In our SUD study, the spectroscopy analysis showed a reduction of Glx and an increased Cho (index of membrane turnover) with a cerebral metabolic pattern similar to the one found in depressive disease.[38] The personological analysis showed an increased NS value, a temperamental factor that explains the tendency to use psychotropic substances, and a reduction of CO, which is a reduction of positive interactions (heat/affection), interactive learning, and social norms. The correlation analysis between the TCI-R values and metabolites distribution in SUD, showed that the CO1 scores correlated negatively with Glx concentrations in the ACC, suggesting that low levels of Glx in the ACC are closely related to values of CO in adolescent cannabis users. Several studies have demostrated the roles of ACC and prefrontal cortex in cognitive control (”top-down control”).[39] In particular, the ACC seems to be recruited when cognitive demands increase for the maintenance and the implementation of cognitive functions in case of conflictual situation (i.e., decision process). At the same time, we found a negative correlation between cho and NS. Adolescent drugs users with higher level of cho present less novelty seeker traits compare to the low Cho level subjects in the same population. Control subjects are metabolically and behaviorally similar to normative data (except for a reduction of the scores to the ST and an increased CO in the TCI-R). In cannabis users, even though the scores of CO were significantly reduced compared with control subjects and normative data, we found a negative correlation between the lowest values of Glx/Cr and the value of CO. Therefore, adolescent drug users with a marked cerebral reduction of Glx tend to be more collaborative, although always below the normal range. However, this may also depend on a specific feature of our subjects, as they participated in a rehabilitation program and therefore were more collaborative.

Our correlation analysis showed a metabolic pattern compatible with a depressive behavioral state (reduction of Glx and increase of Cho) associated to increased CO and low NS. These results are in line with the neurobiological model that explains the tendency of our sample to use substances to reduce activity and independent choices with needs of external consensus, to accept and rely on the other judgment. In support of this hypothesis, the SCL-90 analysis showed significative score for Interpersonal Sensitivity, Depression, Phobic anxiety, Psychoticism, Schizophrenia characterized by withdrawal, isolation, and lifestyle schizoid.

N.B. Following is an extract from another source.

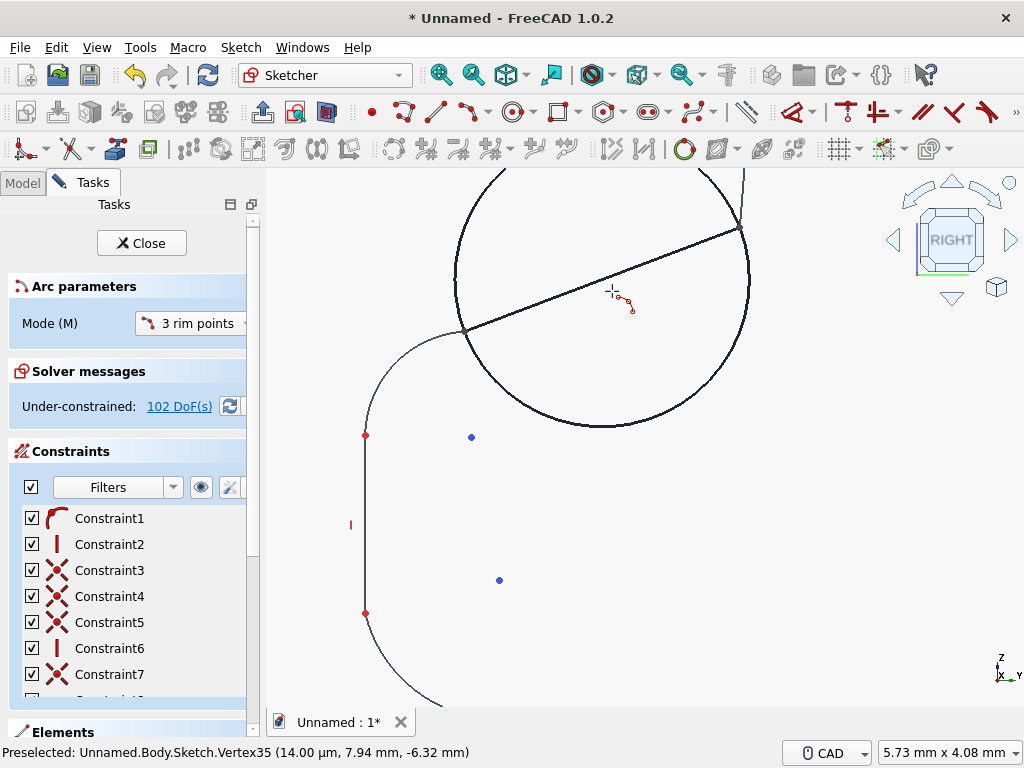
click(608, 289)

Adolescence is the first phase of life in which the individual is intentionally in contact with psychoactive substances. It is characterized to a greater tendency to search new sensations (a peculiarity in the processes of gratification typical of the age), to an altered sensitivity to drugs and to a lack of effect “full,” as a result of the first approach to substances use that could push teenagers to try again “to see what happens.” Adolescents may also be more vulnerable to the effects of drugs to generate dependence due to cerebral development imbalances between the prefrontal control areas and the subcortical impulsivity.[40] The combined action of these factors could characterize adolescence as an age psychobiologically at risk for the development of addiction. It was recently showed the association between cannabis use and genetic risk of develop psychiatric traits as schizophrenia.[41]


 » Conclusions Top


Metabolic and personality patterns seem to be associated with the risk of substance intake in adolescents. The combination of 1H-MRS and Neuropsychology data represents a new neurobiological, noninvasive approach to asses the risk behaviors of addiction in adolescence. Our study support the hypothesis that brain metabolites are prognostic markers of brain function, emotions, and experience of gratification in adolescence.

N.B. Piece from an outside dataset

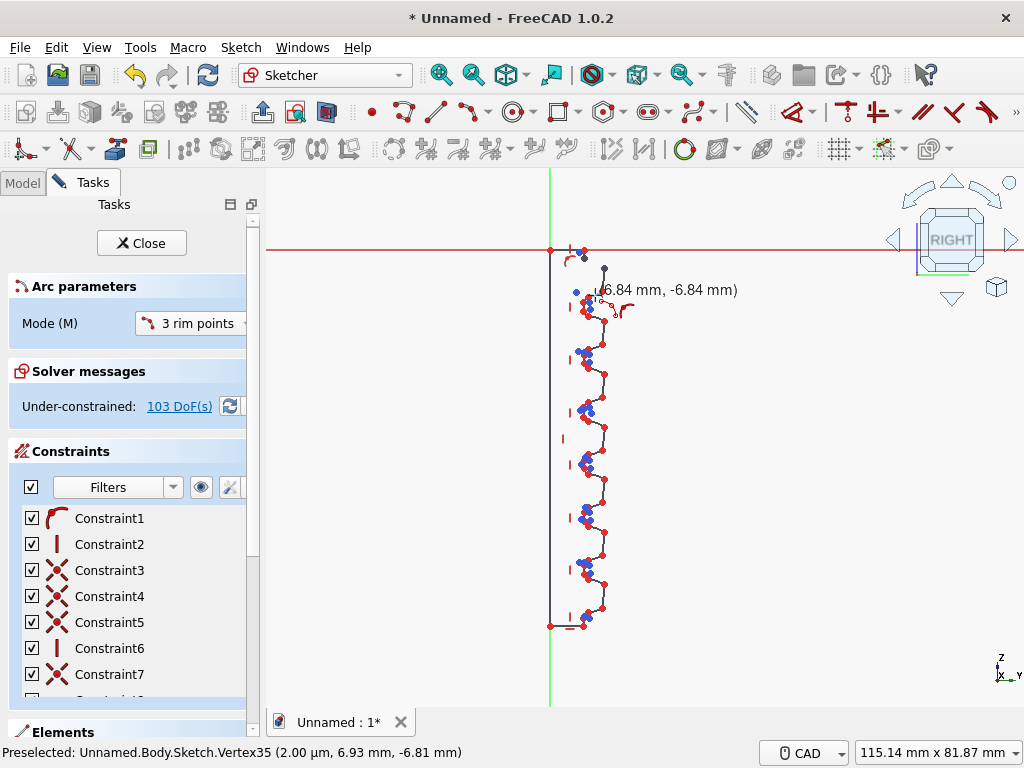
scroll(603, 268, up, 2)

In terms of prevention, it is necessary to consider various predisposing factors such as environment, availability of the substances, role of cultural and social conditioning, peer pressure, positive attitude of the group toward the use of substances, and time of exposure to these factors. Additionally, there is the tendency in teenagers to use therapeutic drugs as a self-medication in order to solve psychological problems and emotional states.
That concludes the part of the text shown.